Oil imports were down to 49 percent in 2010, and the Energy Information Agency predicted Tuesday that imports would drop to 36 percent by 2035.
"Reliance on imported petroleum we expect to decline dramatically over the next 20 years," says Howard Gruenspecht, acting administrator of the Energy Information Agency.
This reflects in part the fact that after decades of decline, U.S. oil production started posting gains in recent years. The Energy Information Agency predicted the increase will continue, and by 2020, the oil production rate would be up 11 percent to 6.7 million barrels per day.
"That's really reversing a long slide," says Gruenspecht.
Criticism For Blocking U.S. Production
Ironically, this breakthrough is happening during the administration of a president who has been steadily criticized for blocking domestic petroleum production. Republicans have attacked him for slowing off-shore drilling in the Gulf of Mexico after the BP spill and for deciding not to open some federal lands in the West to oil and gas development.
But energy experts make it clear that regardless of the criticism, a positive trend is underway that should change the way the county thinks of itself and its relationship with unfriendly, oil-rich nations.
"We have a complete change in the historic view that we are helplessly dependent on energy imports, oil imports going forward," says John Deutch, a Massachusetts Institute of Technology chemistry professor and former CIA chief who advises the Obama administration on energy.
Deutch says the situation is even brighter than it seems, because Canada could supply most of U.S. oil imports in the future.
"I frankly find Canadians as reliable as Californians [in] providing us with energy, so you should not include the Canadians in that import dependence," Deutch says.
Expansion On Private Lands
Oil industry executives agree that the outlook is rosy.
"Past assumptions of oil and gas scarcity that went into business strategic plans, governmental policies and public attitudes are out of date," says James Mulva, chairman and CEO of ConocoPhillips. "The major production trends have certainly been reversed."
The breakthrough comes as oil companies are using hydraulic fracturing, or fracking, to blast open the rock that contains the oil.
According to Mulva, more rigs are drilling for oil in the United States today than have been for 25 years.

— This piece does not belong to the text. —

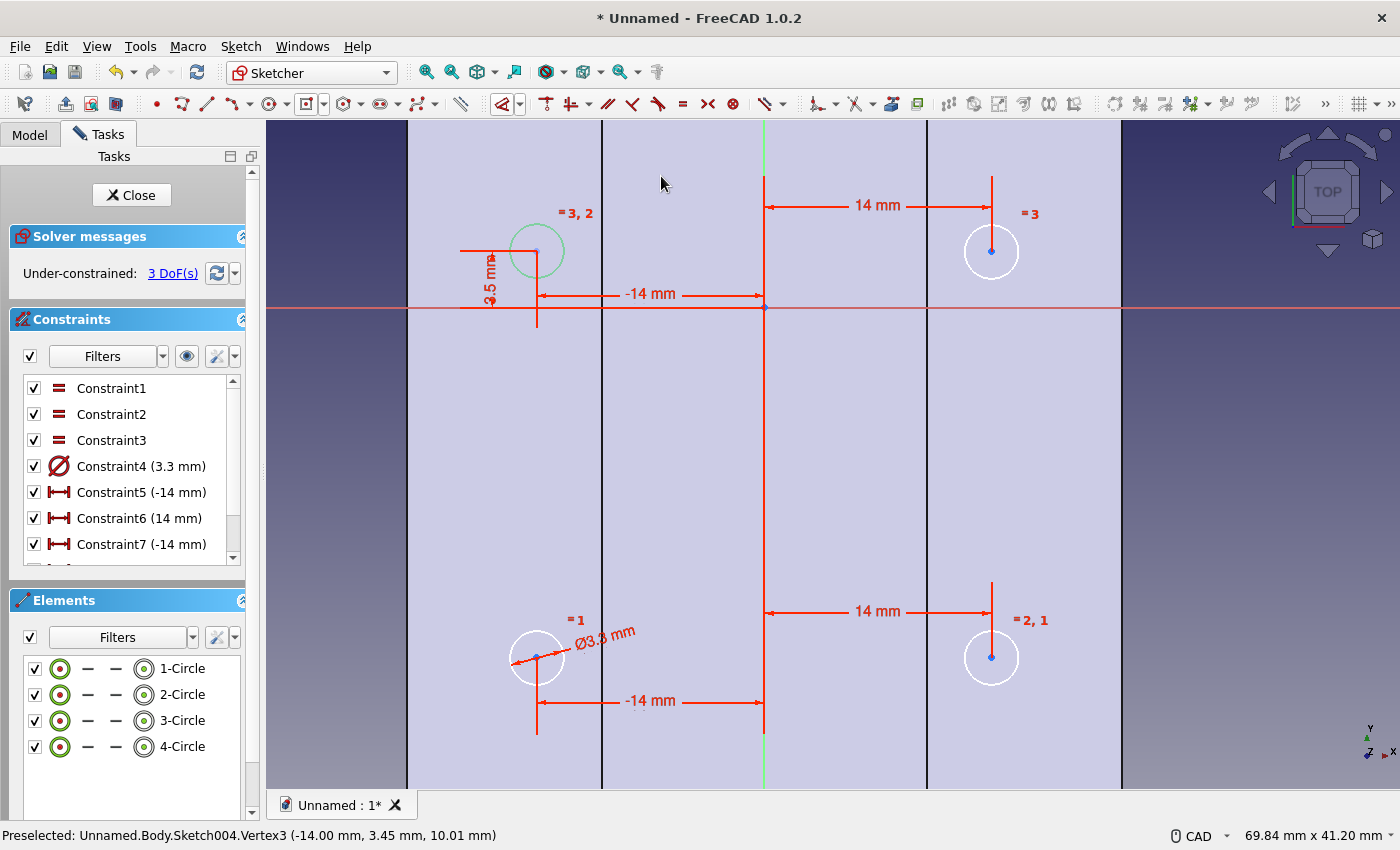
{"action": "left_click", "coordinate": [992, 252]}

But here is where the criticism of President Obama comes in: Mulva stresses that most of these rigs are on private property. They are drilling into places like the Bakken formation, which lies under parts of North Dakota and Montana.
"Had this been government land, we would likely still be awaiting drilling permits or fighting lawsuits from NGOs or outright drilling bans enacted from Congress," Mulva says.
Using Less Fuel
Still, increasing U.S. oil production is only one reason that reliance on foreign oil is waning.
Another is that Americans are using less fuel.
The Energy Information Agency says overall U.S. oil consumption has declined since 2005. The agency predicts it will grow only very slowly over the next two decades, because of policies that boost the fuel efficiency of cars and increase the use of renewable fuels like ethanol.
President Obama deserves credit for those policies. So does his predecessor, President Bush.
The EIA's Gruenspecht says America's dependency on foreign oil will ease even more than the agency's forecasts suggest if Obama goes forward with his proposal to further tighten fuel economy in cars for model years 2017 to 2025.